#### INSTRUCTIONS TO FOLLOW:
Lift out all lines below that contain "bounding".

#### LISTED ENTRIES:
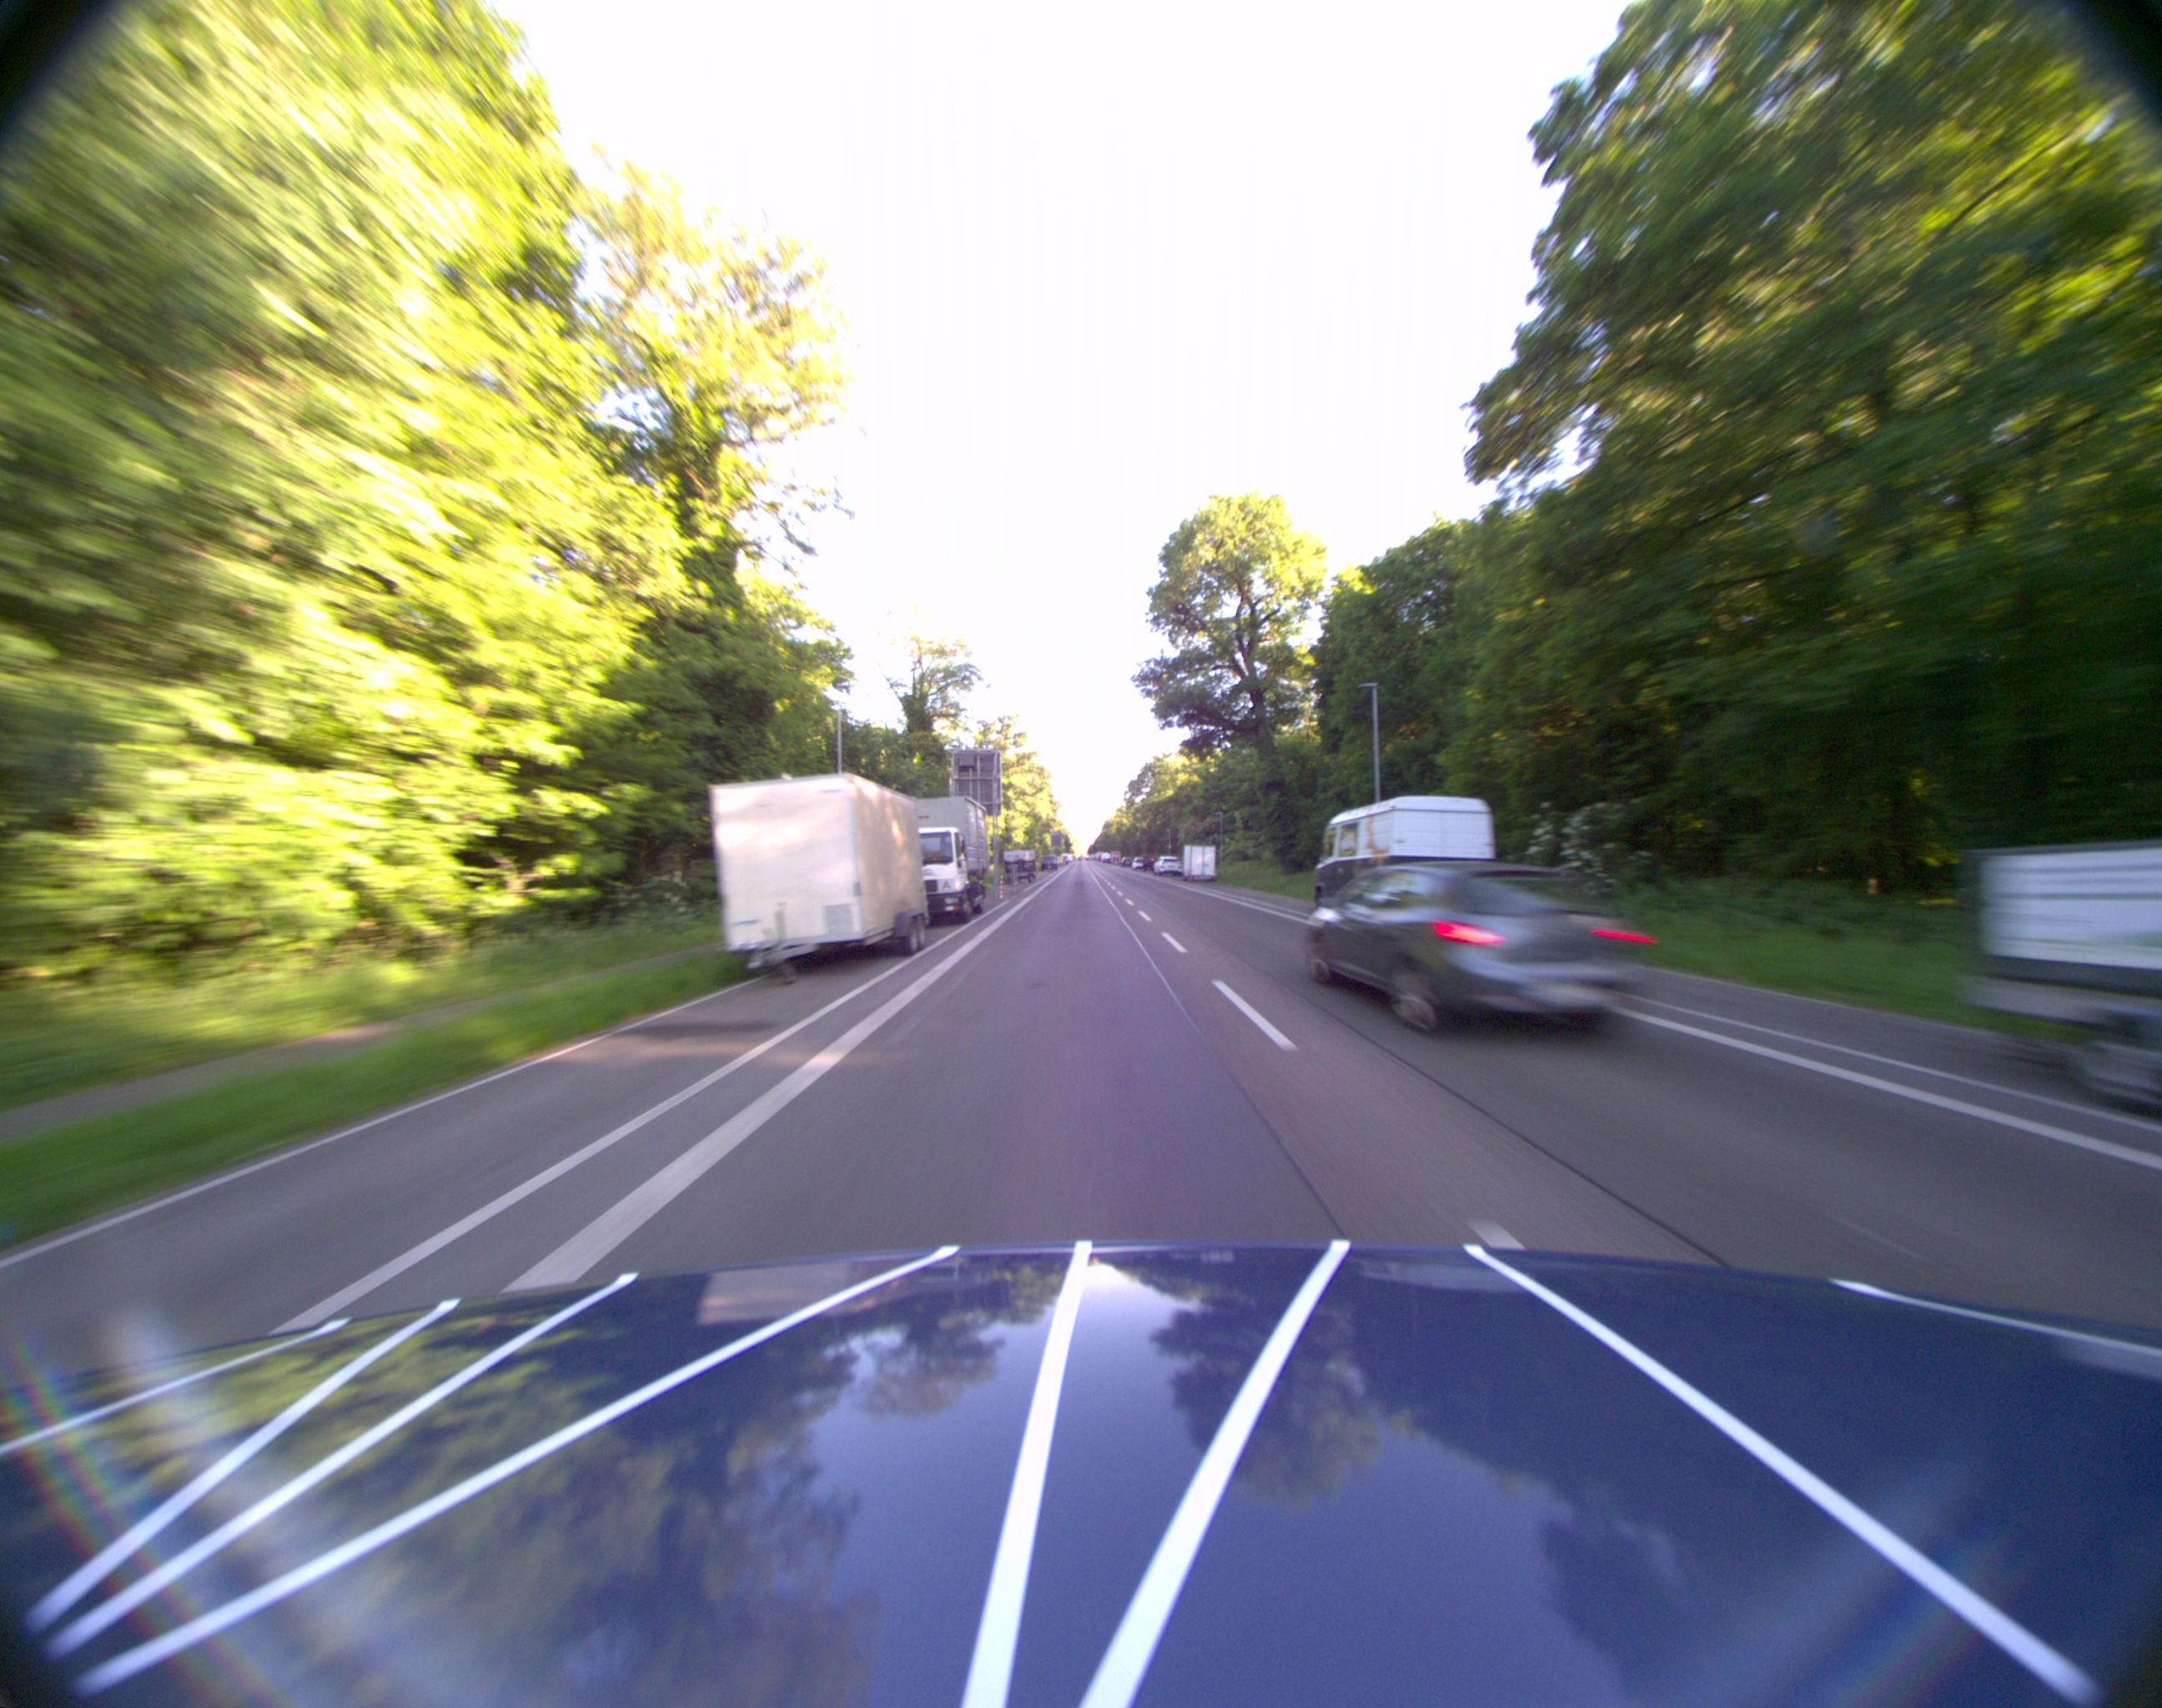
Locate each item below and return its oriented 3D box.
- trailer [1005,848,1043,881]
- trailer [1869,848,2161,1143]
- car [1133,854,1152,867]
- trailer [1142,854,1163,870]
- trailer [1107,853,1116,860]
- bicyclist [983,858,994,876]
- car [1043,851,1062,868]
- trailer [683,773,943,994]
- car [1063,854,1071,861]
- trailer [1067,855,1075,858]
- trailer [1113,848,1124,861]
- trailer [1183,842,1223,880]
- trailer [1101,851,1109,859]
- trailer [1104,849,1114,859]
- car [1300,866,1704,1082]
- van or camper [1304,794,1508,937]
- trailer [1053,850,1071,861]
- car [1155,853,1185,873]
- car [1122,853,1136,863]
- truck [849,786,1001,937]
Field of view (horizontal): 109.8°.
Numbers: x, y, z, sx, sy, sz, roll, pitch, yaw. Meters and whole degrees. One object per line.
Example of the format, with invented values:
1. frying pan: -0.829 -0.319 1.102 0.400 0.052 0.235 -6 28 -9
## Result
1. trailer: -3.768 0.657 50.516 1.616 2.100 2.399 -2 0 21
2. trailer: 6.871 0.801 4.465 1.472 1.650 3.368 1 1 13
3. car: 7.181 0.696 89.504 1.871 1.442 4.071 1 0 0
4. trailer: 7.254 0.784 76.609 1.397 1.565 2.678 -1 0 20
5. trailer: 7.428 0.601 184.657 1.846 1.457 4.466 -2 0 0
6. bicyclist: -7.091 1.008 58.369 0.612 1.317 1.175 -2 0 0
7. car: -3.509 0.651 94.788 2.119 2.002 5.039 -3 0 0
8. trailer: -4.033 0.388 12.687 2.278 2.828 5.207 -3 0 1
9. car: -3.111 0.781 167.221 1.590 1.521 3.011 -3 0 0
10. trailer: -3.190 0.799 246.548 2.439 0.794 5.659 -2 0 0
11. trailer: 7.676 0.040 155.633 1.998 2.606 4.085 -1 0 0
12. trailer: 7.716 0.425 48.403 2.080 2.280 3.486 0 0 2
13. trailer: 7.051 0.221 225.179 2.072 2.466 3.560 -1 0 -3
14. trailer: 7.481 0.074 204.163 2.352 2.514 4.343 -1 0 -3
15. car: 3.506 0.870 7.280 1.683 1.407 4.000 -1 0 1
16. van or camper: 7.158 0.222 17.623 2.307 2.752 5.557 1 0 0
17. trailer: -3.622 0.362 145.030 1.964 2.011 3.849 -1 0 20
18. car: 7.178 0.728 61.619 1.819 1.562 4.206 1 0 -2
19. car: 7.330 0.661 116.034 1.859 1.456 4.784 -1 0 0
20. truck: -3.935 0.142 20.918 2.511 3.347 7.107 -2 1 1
==
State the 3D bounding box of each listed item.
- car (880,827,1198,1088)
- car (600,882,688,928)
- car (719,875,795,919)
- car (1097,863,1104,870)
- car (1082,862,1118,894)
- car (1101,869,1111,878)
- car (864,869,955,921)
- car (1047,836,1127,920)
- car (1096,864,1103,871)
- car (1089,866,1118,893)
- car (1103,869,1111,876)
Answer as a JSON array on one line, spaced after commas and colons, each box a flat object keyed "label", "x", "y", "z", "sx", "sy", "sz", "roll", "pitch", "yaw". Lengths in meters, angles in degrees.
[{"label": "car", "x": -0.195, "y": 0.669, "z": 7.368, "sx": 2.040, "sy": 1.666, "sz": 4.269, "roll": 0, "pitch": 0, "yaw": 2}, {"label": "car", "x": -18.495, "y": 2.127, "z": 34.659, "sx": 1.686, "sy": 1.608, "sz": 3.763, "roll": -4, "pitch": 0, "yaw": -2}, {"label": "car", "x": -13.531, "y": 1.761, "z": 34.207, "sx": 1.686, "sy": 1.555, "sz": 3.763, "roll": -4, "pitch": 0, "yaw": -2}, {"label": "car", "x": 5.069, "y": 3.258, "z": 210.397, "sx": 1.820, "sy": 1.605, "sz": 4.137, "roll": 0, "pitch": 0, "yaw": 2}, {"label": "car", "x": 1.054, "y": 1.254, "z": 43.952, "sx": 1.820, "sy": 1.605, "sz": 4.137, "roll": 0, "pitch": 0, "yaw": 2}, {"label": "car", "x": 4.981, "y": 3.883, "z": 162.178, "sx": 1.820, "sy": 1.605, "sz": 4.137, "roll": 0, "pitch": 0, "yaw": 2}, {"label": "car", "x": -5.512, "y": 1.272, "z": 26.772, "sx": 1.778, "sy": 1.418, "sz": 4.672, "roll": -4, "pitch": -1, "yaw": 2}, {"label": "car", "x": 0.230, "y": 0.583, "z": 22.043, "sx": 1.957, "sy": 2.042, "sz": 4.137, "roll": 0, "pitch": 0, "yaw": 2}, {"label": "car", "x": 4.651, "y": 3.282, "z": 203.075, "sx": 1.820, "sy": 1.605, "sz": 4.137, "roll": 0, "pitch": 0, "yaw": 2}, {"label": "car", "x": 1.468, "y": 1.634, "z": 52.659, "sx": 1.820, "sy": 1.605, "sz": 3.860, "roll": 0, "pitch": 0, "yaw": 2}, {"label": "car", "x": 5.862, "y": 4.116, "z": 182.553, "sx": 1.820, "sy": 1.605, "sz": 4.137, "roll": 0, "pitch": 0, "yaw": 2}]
--
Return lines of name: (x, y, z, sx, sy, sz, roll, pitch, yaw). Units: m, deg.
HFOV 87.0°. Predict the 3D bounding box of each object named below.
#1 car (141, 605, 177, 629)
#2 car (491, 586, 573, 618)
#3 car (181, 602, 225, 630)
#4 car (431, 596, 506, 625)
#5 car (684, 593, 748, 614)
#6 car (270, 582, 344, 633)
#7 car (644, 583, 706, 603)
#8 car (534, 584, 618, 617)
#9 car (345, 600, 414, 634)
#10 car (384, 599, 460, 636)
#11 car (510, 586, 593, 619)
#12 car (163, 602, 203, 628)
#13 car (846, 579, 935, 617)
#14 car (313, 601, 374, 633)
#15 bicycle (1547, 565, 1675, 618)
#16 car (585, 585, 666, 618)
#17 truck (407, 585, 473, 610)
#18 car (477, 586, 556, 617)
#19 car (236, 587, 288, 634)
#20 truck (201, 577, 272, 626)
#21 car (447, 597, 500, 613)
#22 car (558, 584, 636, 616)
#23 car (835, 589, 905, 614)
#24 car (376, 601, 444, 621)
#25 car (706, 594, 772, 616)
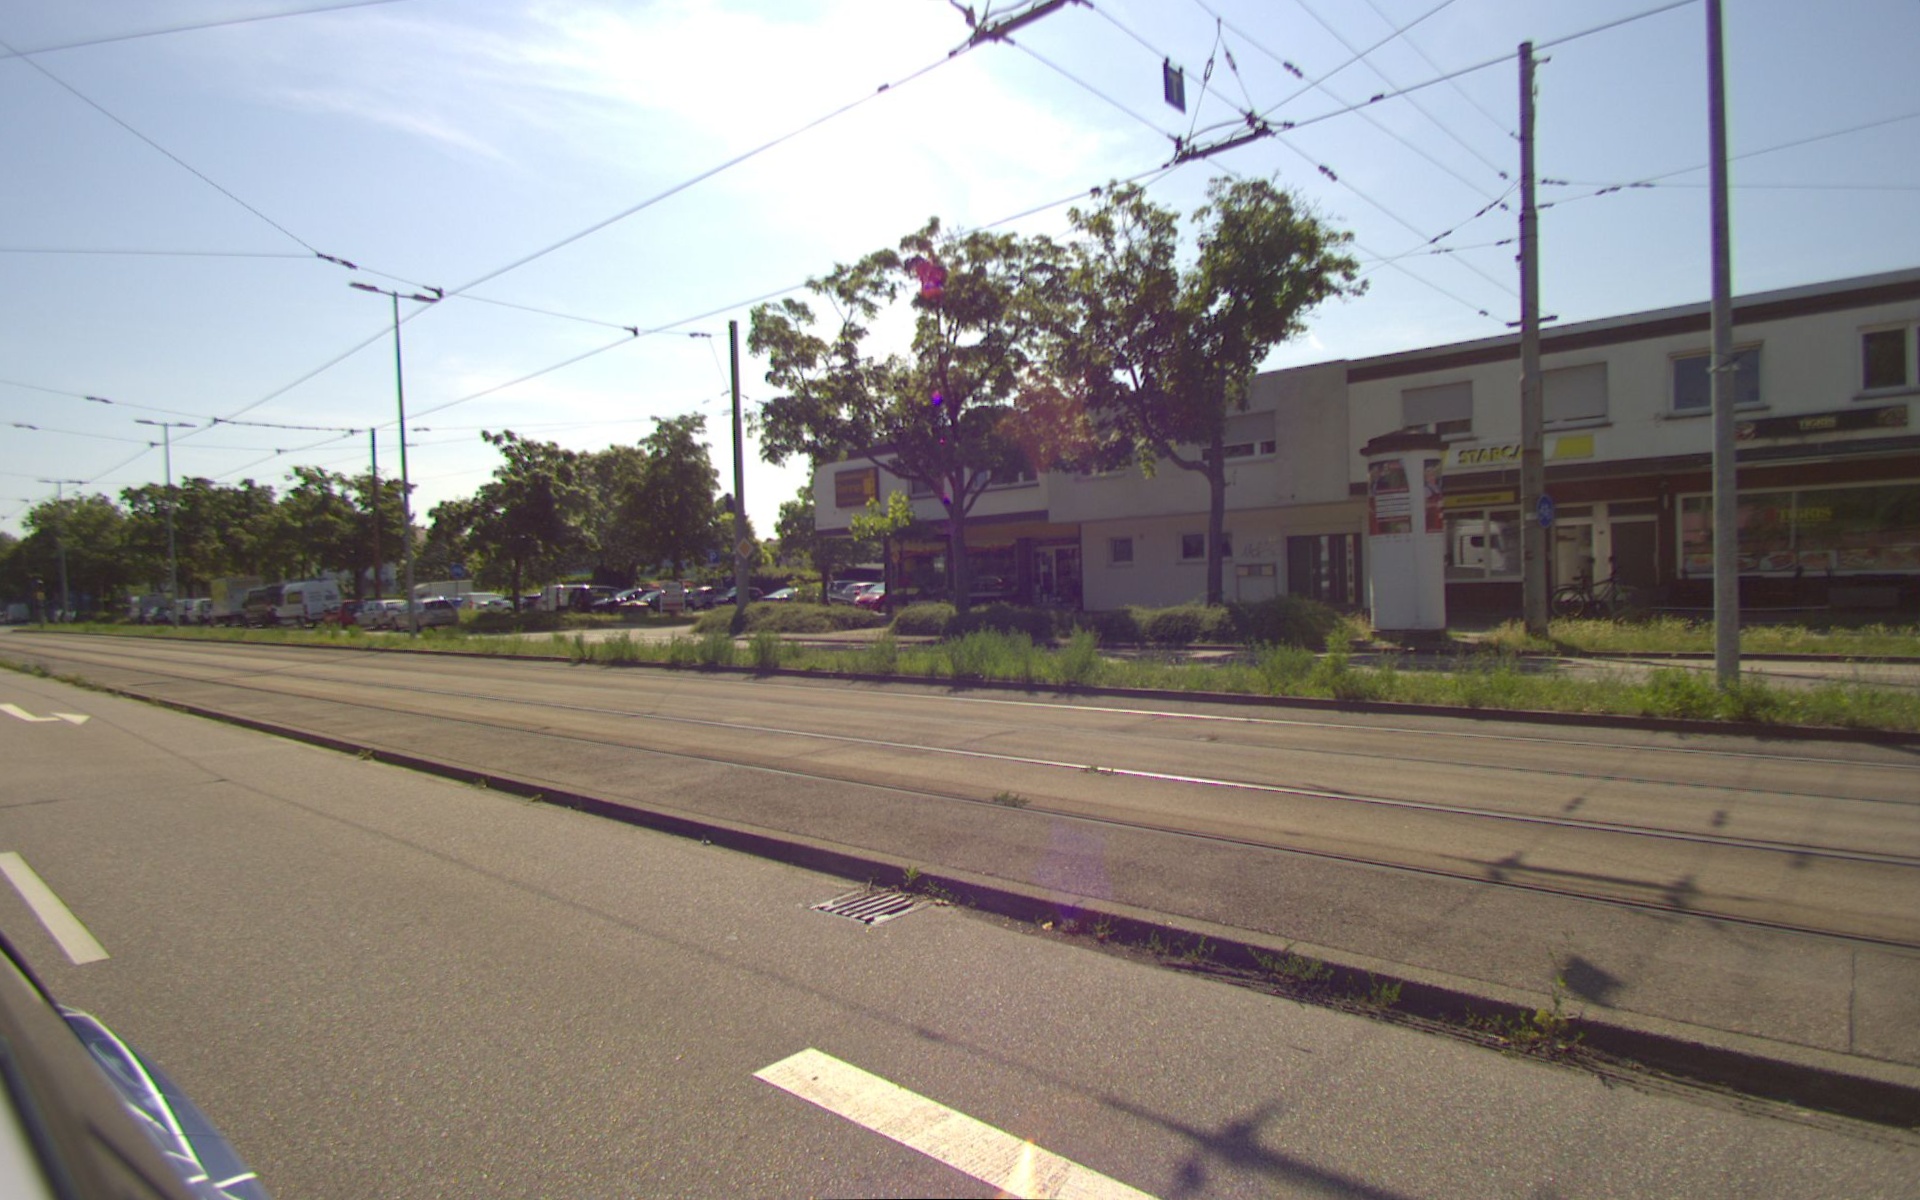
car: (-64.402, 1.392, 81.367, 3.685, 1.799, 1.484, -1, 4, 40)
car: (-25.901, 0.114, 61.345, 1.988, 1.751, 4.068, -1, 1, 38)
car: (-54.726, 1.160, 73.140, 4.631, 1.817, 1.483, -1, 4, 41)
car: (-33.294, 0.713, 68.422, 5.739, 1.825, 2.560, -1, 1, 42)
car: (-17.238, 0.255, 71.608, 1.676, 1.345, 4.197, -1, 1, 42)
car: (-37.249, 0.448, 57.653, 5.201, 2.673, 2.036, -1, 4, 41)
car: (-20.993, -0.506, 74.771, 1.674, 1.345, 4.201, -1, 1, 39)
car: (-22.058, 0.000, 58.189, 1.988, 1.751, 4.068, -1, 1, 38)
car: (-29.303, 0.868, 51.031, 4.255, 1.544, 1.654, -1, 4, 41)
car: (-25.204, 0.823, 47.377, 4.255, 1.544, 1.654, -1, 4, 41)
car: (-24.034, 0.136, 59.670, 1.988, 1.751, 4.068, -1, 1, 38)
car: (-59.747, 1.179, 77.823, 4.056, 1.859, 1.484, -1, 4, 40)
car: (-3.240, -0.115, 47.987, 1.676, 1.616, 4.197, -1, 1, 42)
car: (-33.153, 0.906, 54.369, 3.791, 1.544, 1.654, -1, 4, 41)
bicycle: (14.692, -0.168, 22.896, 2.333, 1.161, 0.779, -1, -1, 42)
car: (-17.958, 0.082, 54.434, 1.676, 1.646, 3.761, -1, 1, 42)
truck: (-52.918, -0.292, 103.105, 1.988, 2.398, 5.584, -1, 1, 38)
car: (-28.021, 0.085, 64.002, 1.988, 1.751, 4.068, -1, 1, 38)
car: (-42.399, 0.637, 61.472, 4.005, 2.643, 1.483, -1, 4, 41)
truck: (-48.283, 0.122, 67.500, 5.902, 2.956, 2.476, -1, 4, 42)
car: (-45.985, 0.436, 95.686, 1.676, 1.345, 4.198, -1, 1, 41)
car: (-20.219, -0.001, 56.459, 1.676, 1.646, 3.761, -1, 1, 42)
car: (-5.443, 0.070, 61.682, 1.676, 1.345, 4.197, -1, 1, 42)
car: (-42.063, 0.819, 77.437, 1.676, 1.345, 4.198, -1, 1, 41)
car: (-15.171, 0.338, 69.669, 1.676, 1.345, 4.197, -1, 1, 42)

#### ANSWER BOX:
State the 3D bounding box of each listed item.
HFOV 87.0°. Predict the 3D bounding box of each object named below.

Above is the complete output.